Assuming that the sum of three not necessarily distinct black numbers is black and similar for white: Well, if $a$ is black, $a+a+a=3a$ is black. Also $3a+a+a=5a$ is black, $5a+a+a=7a$ is black, and so on. If $a$ is black, $ax$ where $x$ is odd is black, and similar for white. Consequentially, if a number is black, the highest power of $2$ dividing it must be black, as if it were white, the number would be white. Then it only matters what color the powers of $2$ are. Now, if $2^a$ and $2^{a+1}$ are the same color (WLOG black), then $2^a+2^a+2^{a+1}$ is black, and all the bigger powers of $2$ are black by induction. In order to not have something like that for values less than $2^a$, $2^{a-1}$ must be white, $2^{a-2}$ black, etc. Then $2^{a-3}+3*2^{a-3}+2^{a-1}$ will be white, but it's black, contradiction, so $a=2$, $a=1$, or $a=0$. If $a=0$, we have the all-black coloring. Similarly, we derive the all-white coloring and get two possibilities. If $a=2$, the only things that are white are those divisible by $2$, but not by $4$. This satisfies the conditions. The other case with the whites and blacks switched gives 2 possibilities. If $a=1$, the only things that are white are those that are odd. This satisfies the conditions. Once again, 2 possibilities using symmetry. In all, we have 6 possible colorings.
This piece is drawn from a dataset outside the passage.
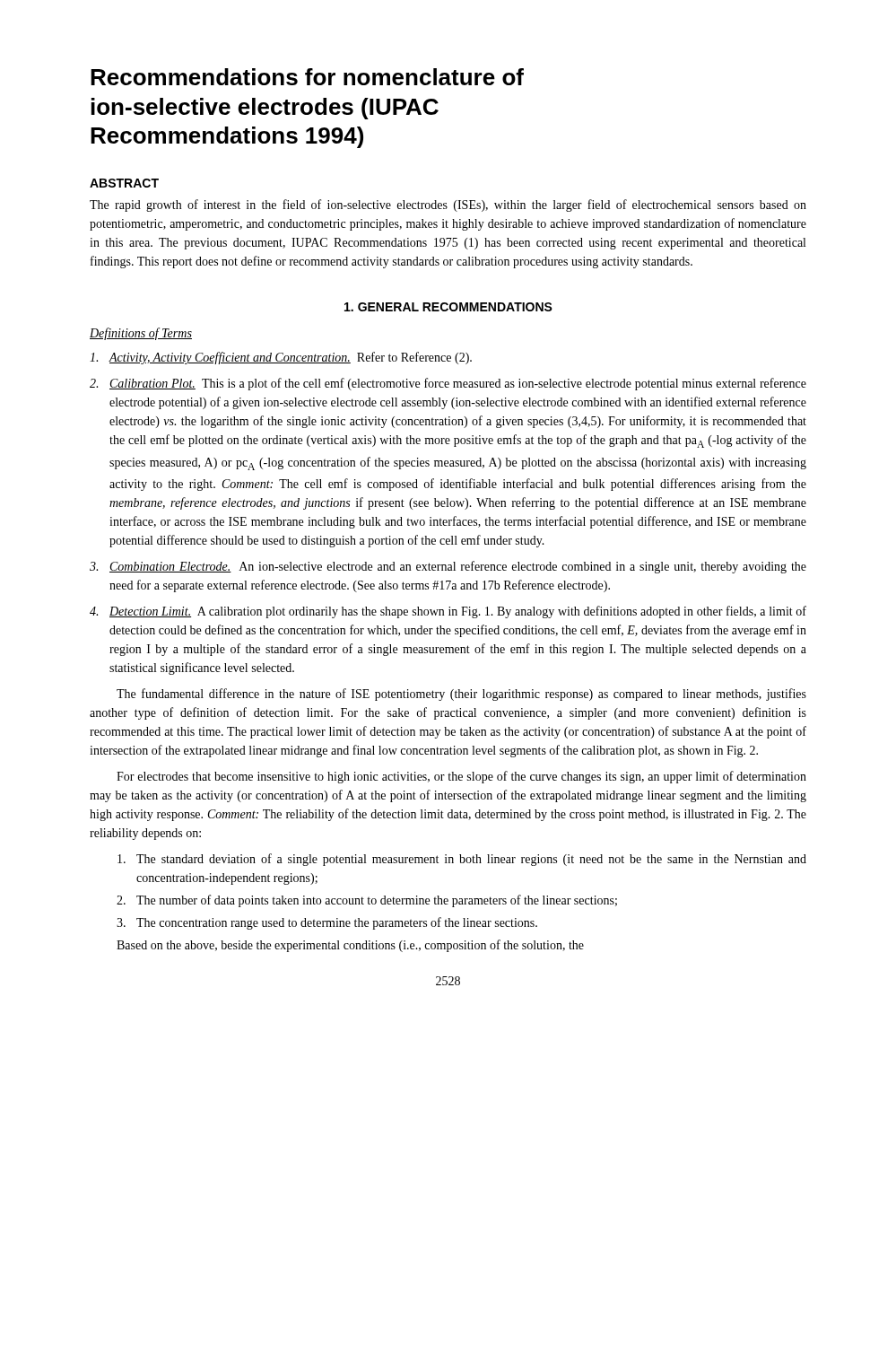Find the title

(x=307, y=106)
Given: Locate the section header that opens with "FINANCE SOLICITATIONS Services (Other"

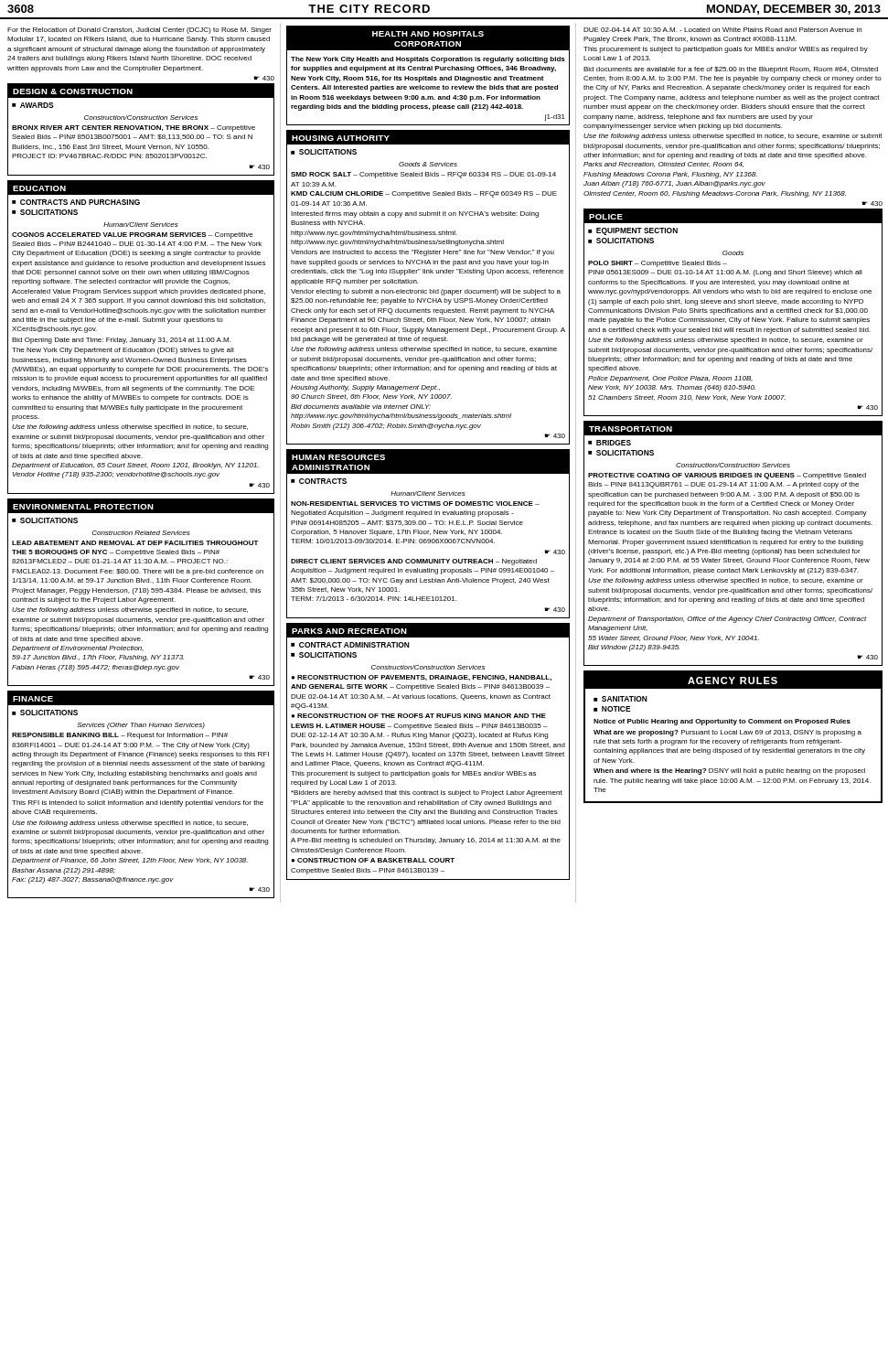Looking at the screenshot, I should (x=141, y=795).
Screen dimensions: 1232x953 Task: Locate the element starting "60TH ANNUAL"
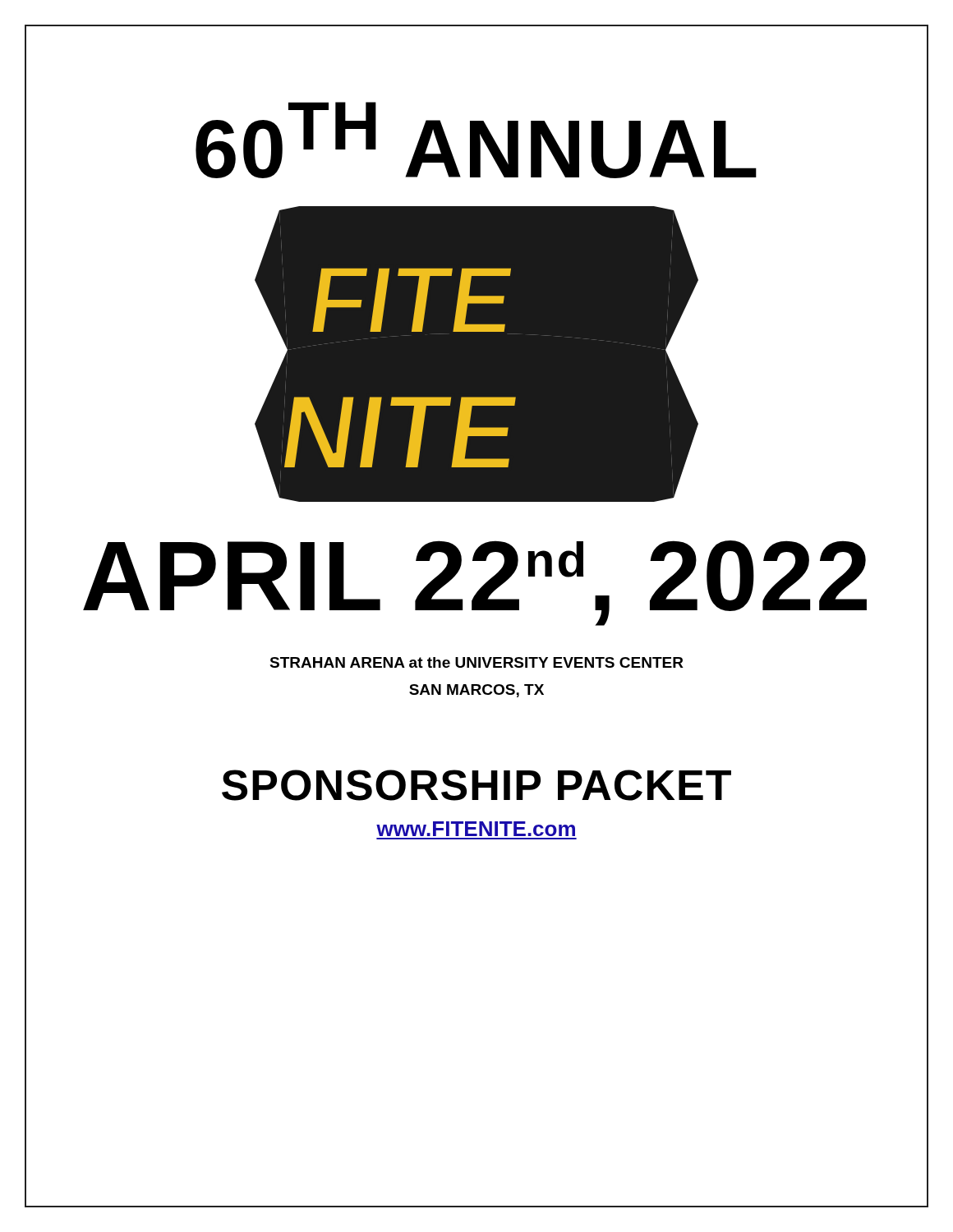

yugrey wrote: If $a=0$, we have the all-black coloring. Similarly, we derive the all-white coloring and get two possibilities. But there doesn't exist a bijection from black numbers to white numbers. yugrey wrote: If $a=2$, the only things that are white are those divisible by $2$, but not by $4$. This satisfies the conditions. The other case with the whites and blacks switched gives 2 possibilities. But then $1+1+4$ should be black, but $6$ is white according to your coloring. My solution: WLOG $1$ is black. Hence inducting, we get $1+1+k = k+2$ black for all odd $k$. Hence all odd numbers are black. Suppose there exists a black even number; by well-ordering principle there exists a minimum black even number $m$. Hence inducting again, we get $1+1+k = k+2$ black for all even $k \ge m$. Since we assumed $m$ is the minimum black even number, then all even numbers below $m$ must be white. Hence there are $\dfrac{m-2}{2}$, a finite quantity of white numbers. But there are infinitely many odd numbers, and hence infinitely many black numbers. Hence a bijection cannot exist from black numbers to white numbers. Hence the assumption that there exists a black even number is false, and hence all even numbers are white. If we let $1$ to be white instead, we get the exact opposite coloring: white odd numbers and black even numbers. Hence in total there are $\boxed{2}$ possible colorings.